I agree. I also got interesting suggestions when I blogged on the subject (esp. logoff trigger that copies the numbers from v$sesstat).
Thank you for the comment and the reference. The approach you described in your blog is very good one in given circumstances.
However my point here is: Oracle missing instrumentation.

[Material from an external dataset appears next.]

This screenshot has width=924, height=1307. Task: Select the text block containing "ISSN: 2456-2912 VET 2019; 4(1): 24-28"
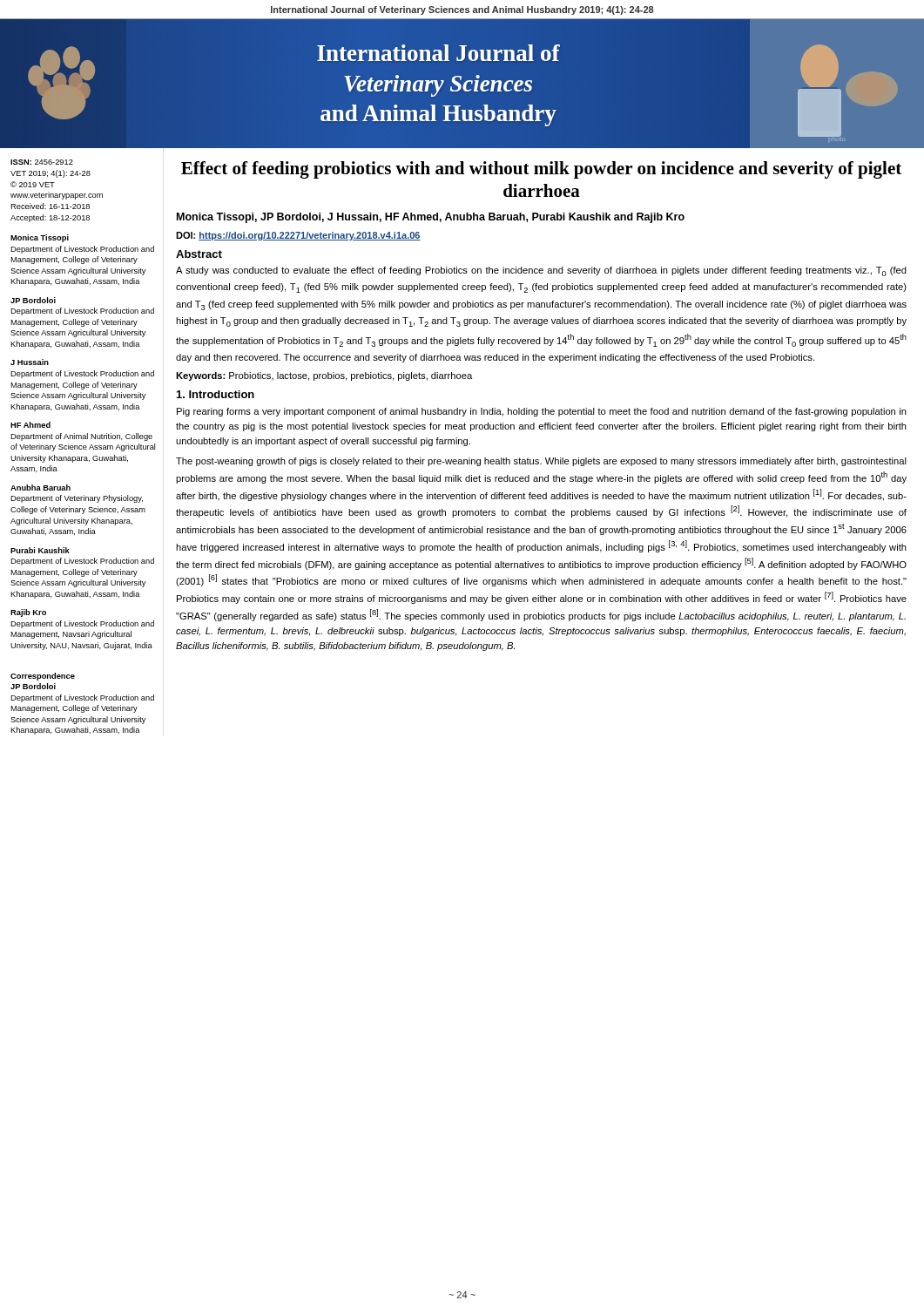coord(57,190)

Is it a valid point? What do you think?
PS Just wonder if “sum(RBABYTE) as RBABYTE ,sum(RBABLK) as RBABLK from v$logmnr_contents” really gives us bytes that the statement generated in the redo log file? According to the documentation it is not
RBABLK NUMBER RBA block number within the log file
RBABYTE NUMBER RBA byte offset within the block
Hi Yury, I came across this blog when I was looking for sql level redo statistics. I think it will be great to have even though the vendor seems disagree, even though they are telling us to try some workarounds that are certain to work all the time.
Hi Yury and All,
How could I know if DDL stsmt generated more redo like CTAS
I’m an Oracle DBA that deals with day-to-day issues as well. I agree that this is a legitimate need and is missing from the database.
Having redo statistics available at the session-level is good, however it’s not enough in situations where sessions are issuing different statements and you need to pin down specifically which are causing the most redo generation.